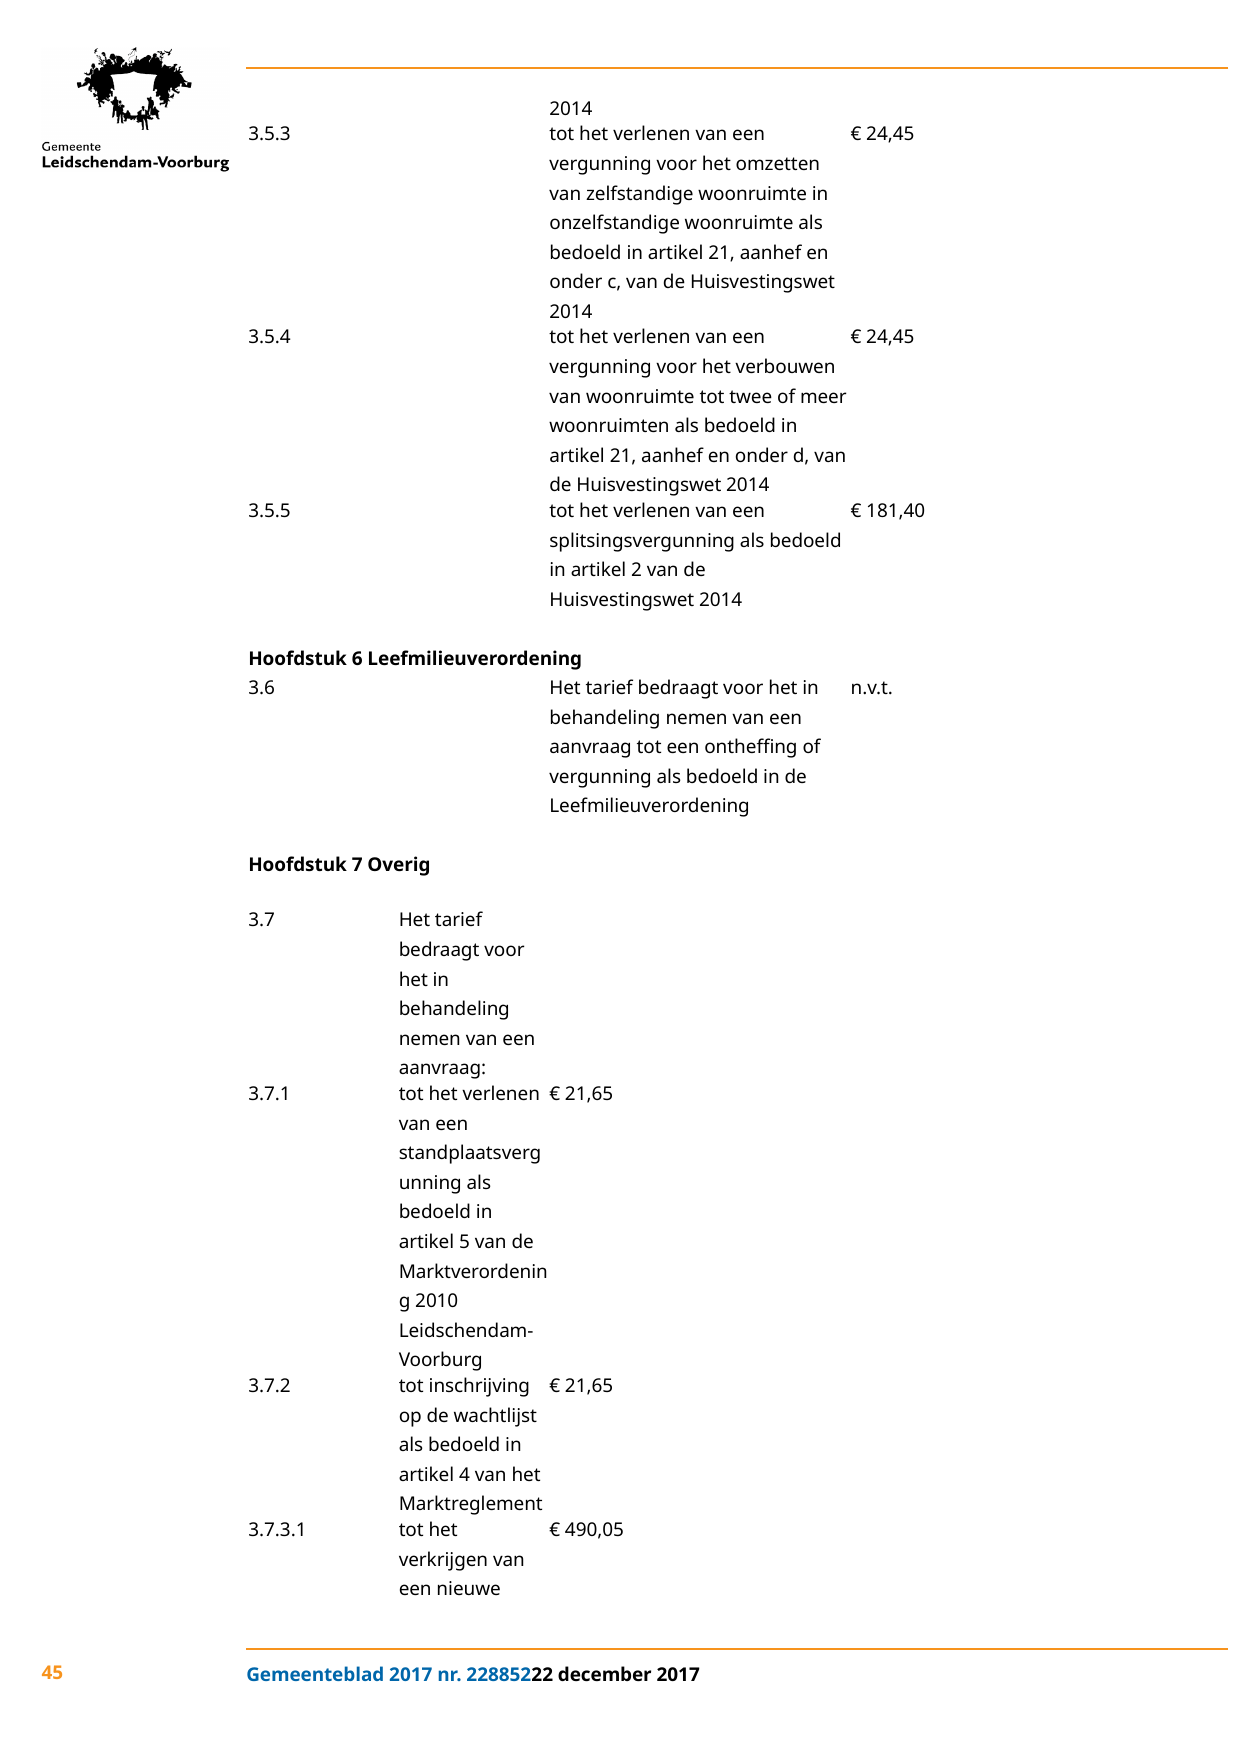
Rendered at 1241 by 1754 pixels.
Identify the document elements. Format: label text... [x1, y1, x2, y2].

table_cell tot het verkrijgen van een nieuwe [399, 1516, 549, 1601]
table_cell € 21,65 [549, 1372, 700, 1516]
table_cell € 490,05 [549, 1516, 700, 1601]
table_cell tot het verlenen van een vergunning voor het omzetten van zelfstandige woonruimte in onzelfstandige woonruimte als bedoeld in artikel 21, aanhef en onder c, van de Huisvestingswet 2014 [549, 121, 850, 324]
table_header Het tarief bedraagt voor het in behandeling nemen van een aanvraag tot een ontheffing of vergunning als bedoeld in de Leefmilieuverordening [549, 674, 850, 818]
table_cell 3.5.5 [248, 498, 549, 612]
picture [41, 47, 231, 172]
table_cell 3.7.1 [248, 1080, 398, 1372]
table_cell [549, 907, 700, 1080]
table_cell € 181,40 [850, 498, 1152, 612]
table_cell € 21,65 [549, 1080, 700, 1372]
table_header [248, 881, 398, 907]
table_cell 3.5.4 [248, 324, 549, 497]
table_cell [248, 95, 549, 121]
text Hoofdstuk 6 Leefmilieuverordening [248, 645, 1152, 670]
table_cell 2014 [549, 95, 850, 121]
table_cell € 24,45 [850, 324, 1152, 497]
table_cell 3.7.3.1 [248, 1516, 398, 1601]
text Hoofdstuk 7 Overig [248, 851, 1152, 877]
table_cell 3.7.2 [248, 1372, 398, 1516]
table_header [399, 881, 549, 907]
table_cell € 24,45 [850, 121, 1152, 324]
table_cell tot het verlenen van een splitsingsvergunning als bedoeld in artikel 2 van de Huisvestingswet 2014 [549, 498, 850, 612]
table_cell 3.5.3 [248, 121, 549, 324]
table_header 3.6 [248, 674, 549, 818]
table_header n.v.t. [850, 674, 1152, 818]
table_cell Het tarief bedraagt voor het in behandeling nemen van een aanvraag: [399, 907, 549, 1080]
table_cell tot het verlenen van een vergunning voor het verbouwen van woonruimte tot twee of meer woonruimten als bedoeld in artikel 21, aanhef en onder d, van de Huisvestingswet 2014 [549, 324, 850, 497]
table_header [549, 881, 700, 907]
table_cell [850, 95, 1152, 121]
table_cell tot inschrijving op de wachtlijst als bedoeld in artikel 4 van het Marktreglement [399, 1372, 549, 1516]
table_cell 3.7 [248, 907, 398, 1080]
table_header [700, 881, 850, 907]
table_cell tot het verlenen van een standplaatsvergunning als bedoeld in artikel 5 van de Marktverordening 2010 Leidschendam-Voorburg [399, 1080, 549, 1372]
------------------------------------------------------------------------
> INSTRUCTIONS TO FOLLOW: Please give an exact printout of all the records, pictures aside.

> OUTPUT BELOW:
Rendered at 1241 by 1754 pixels.
Identify the document elements. Format: label text... [x1, y1, x2, y2].

table_cell tot het verkrijgen van een nieuwe [399, 1516, 549, 1601]
table_cell € 21,65 [549, 1372, 700, 1516]
table_cell € 490,05 [549, 1516, 700, 1601]
table_cell tot het verlenen van een vergunning voor het omzetten van zelfstandige woonruimte in onzelfstandige woonruimte als bedoeld in artikel 21, aanhef en onder c, van de Huisvestingswet 2014 [549, 121, 850, 324]
table_header Het tarief bedraagt voor het in behandeling nemen van een aanvraag tot een ontheffing of vergunning als bedoeld in de Leefmilieuverordening [549, 674, 850, 818]
table_cell 3.5.5 [248, 498, 549, 612]
picture [41, 47, 231, 172]
table_cell 3.7.1 [248, 1080, 398, 1372]
table_cell [549, 907, 700, 1080]
table_cell € 181,40 [850, 498, 1152, 612]
table_cell € 21,65 [549, 1080, 700, 1372]
table_header [248, 881, 398, 907]
table_cell 3.5.4 [248, 324, 549, 497]
table_cell [248, 95, 549, 121]
text Hoofdstuk 6 Leefmilieuverordening [248, 645, 1152, 670]
table_cell 2014 [549, 95, 850, 121]
table_cell € 24,45 [850, 324, 1152, 497]
table_cell 3.7.3.1 [248, 1516, 398, 1601]
text Hoofdstuk 7 Overig [248, 851, 1152, 877]
table_cell 3.7.2 [248, 1372, 398, 1516]
table_header [399, 881, 549, 907]
table_cell € 24,45 [850, 121, 1152, 324]
table_cell tot het verlenen van een splitsingsvergunning als bedoeld in artikel 2 van de Huisvestingswet 2014 [549, 498, 850, 612]
table_cell 3.5.3 [248, 121, 549, 324]
table_header 3.6 [248, 674, 549, 818]
table_header n.v.t. [850, 674, 1152, 818]
table_cell Het tarief bedraagt voor het in behandeling nemen van een aanvraag: [399, 907, 549, 1080]
table_cell tot het verlenen van een vergunning voor het verbouwen van woonruimte tot twee of meer woonruimten als bedoeld in artikel 21, aanhef en onder d, van de Huisvestingswet 2014 [549, 324, 850, 497]
table_header [549, 881, 700, 907]
table_cell [850, 95, 1152, 121]
table_cell tot inschrijving op de wachtlijst als bedoeld in artikel 4 van het Marktreglement [399, 1372, 549, 1516]
table_cell 3.7 [248, 907, 398, 1080]
table_header [700, 881, 850, 907]
table_cell tot het verlenen van een standplaatsvergunning als bedoeld in artikel 5 van de Marktverordening 2010 Leidschendam-Voorburg [399, 1080, 549, 1372]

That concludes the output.